Home > Other > The Silent Tears of Polygamy > Page 5
The Silent Tears of Polygamy Page 5

by Robin Johnson


  The man never seemed happier. After I got through with him, he was out like a light, he passed out into a deep sleep. I was concerned at times that I may have overdone it, and I checked to make sure I hadn’t killed him. It was a beautiful period in this quagmire that our lives had become.

  I wasn’t doing it to change Alec’s mind about marrying Carolyn. I pretty much knew it was unlikely to change his mind. I wanted to remind him, though, that he had a whole lot of woman over here in me, and Carolyn wasn’t my replacement. If anything, she was just an addition. He had his work cut out for him.

  I’ve been married to Alec for five years, and it is amazing, that I didn’t really know my husband. I was so self-absorbed, self-centered and outrightly arrogant. I hadn’t taken any significant time to get to know how he thought, what he thought, what his feelings were or why he was feeling it. I didn’t know what made him happy and what his low notes were. I’m just beginning to find out.

  I primarily complained about what Alec did and didn’t do, about my wants, my needs, my likes and dislikes. Looking back, I was mostly about me, me, and me. I was accustomed to getting most of what I wanted, when I wanted it, and how I wanted it. I thought the world revolved around me. How very silly I was to have thought it. It is a big world out there. How could only I matter?

  The thought of Alec becoming polygamous humbled me. It had never crossed my mind, nor had I ever dreamt that Alec would ever consider it. If someone would have mentioned that he was going to do it, I probably would have laughed it off. But here we were, and the impossibilities of yesterday were becoming today’s realities.

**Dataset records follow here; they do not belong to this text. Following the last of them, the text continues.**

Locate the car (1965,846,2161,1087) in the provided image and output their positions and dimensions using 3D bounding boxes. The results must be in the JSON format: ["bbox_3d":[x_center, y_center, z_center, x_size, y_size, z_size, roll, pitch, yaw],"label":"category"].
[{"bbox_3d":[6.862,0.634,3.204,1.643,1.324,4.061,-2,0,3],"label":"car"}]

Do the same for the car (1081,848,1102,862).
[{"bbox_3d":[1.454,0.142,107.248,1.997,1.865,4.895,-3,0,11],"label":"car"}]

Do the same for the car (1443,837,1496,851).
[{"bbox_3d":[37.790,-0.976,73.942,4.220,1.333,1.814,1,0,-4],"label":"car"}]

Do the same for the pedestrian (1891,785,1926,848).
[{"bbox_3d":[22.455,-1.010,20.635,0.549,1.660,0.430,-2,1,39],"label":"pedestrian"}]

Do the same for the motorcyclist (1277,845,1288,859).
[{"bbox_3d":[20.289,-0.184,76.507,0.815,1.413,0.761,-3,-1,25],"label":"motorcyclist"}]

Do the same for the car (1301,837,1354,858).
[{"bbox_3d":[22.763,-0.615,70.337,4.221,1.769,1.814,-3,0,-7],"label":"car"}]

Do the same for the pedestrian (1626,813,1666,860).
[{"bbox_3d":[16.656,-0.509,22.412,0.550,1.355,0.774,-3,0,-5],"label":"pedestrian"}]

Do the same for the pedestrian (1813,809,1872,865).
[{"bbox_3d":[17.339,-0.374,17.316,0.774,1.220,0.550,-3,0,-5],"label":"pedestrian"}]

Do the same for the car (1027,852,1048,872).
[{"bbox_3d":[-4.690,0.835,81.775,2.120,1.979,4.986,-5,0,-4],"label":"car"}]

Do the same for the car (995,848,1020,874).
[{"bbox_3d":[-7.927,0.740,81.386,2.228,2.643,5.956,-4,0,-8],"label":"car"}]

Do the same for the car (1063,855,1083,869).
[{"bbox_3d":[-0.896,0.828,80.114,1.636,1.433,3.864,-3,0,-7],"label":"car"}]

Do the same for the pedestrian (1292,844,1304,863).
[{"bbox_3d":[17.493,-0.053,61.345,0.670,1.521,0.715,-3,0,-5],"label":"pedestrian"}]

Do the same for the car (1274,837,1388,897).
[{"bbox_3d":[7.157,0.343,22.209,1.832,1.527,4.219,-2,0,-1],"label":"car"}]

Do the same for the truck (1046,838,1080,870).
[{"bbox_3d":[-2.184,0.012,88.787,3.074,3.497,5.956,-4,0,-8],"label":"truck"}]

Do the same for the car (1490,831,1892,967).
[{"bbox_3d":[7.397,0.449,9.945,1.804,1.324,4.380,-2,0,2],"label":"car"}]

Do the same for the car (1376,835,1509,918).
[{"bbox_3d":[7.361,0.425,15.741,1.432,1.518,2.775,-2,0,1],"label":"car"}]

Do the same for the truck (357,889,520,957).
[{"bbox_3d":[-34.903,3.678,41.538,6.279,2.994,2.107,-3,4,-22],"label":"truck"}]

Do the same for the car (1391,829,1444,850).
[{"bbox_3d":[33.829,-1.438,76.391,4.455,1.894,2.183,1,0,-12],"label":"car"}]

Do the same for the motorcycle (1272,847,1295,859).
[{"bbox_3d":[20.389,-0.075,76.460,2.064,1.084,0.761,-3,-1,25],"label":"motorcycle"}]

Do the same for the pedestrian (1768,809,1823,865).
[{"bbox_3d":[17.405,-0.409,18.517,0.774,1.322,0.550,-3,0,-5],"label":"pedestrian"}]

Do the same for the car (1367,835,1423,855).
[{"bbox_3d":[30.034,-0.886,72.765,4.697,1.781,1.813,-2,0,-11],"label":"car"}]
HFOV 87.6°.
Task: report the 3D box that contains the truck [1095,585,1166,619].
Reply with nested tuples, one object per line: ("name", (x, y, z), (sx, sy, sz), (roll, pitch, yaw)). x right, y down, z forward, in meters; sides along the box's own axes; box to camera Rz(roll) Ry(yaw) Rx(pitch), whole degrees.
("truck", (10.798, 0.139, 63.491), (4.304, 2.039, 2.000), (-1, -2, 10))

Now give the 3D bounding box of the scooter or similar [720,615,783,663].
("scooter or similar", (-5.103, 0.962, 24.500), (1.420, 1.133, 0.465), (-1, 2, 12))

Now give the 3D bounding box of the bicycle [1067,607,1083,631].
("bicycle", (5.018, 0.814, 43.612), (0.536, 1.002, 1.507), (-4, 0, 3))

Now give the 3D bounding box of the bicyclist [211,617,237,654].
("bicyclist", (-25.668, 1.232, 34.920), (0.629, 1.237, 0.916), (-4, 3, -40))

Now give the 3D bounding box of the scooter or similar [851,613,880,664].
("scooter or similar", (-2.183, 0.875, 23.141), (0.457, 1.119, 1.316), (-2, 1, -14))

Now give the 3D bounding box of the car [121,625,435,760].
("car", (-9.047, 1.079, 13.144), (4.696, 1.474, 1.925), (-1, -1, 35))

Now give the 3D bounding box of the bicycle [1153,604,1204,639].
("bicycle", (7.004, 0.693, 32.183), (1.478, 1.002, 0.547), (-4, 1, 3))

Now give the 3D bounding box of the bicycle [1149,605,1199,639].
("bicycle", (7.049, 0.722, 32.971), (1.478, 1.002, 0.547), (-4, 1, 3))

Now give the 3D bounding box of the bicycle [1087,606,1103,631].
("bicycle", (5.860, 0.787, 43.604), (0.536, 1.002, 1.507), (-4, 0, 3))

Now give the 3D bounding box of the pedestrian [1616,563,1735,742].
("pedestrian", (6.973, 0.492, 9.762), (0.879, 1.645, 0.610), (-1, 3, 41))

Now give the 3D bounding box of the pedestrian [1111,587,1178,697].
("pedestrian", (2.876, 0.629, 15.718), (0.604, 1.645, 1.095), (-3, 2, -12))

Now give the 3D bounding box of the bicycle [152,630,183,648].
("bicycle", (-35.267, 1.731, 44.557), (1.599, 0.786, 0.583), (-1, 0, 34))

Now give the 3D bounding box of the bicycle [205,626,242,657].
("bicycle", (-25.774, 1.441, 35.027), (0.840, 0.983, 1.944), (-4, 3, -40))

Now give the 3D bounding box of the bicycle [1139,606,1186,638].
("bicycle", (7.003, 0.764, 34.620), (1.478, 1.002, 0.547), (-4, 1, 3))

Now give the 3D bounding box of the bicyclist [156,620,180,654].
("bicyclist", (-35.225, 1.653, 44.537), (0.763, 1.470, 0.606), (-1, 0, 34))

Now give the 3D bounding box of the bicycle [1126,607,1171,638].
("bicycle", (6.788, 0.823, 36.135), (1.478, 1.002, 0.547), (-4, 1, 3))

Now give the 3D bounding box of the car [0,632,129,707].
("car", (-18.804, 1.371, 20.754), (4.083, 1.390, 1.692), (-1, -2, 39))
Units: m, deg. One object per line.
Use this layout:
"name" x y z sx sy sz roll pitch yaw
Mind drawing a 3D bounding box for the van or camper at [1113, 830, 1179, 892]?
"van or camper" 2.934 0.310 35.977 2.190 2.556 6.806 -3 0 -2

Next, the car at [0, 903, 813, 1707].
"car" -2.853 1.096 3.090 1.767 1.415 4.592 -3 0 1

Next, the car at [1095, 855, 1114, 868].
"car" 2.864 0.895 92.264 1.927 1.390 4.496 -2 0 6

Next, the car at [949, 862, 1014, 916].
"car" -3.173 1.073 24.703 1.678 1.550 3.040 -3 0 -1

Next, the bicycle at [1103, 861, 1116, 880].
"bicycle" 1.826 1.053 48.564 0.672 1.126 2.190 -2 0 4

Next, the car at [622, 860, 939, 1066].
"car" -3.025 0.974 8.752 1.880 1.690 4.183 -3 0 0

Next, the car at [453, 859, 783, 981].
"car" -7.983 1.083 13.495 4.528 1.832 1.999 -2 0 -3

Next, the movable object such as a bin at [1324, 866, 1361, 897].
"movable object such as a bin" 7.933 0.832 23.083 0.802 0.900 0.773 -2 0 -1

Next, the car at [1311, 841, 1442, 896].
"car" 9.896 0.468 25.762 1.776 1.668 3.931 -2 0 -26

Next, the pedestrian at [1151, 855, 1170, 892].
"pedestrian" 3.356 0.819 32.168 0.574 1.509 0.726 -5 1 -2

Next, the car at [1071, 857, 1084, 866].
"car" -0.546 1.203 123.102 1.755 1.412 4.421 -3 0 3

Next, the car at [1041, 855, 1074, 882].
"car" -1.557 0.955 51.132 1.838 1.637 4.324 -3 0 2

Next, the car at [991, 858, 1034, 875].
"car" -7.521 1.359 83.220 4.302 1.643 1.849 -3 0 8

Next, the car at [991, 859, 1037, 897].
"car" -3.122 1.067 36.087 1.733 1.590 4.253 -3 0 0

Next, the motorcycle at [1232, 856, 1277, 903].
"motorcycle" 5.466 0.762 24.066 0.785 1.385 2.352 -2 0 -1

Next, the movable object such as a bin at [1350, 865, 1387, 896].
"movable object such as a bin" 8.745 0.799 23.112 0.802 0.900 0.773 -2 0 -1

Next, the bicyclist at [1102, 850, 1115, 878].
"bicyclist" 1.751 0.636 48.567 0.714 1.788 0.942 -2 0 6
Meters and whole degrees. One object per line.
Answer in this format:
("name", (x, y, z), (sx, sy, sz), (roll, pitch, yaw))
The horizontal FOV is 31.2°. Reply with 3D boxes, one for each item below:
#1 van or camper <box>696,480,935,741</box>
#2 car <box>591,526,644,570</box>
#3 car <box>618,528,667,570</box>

  In the past, I used to come home and tell Alec stories about people in neighboring communities who were involved in polygamy. I didn’t leave out the rate at which they were getting divorced either. Alec, too, had shared with me a couple of such similar stories. Did I plant a seed by talking about it to him?

  Now that I had learned that Alec was going to marry Carolyn, I found myself changing. I was becoming more and more attached to Alec, and I focused all my attention on him. I swung way over to the opposite side from being dismissive of him to becoming obsessed with him. It was as though I was scared of losing him completely and, hence, was doing everything that I could to keep him close.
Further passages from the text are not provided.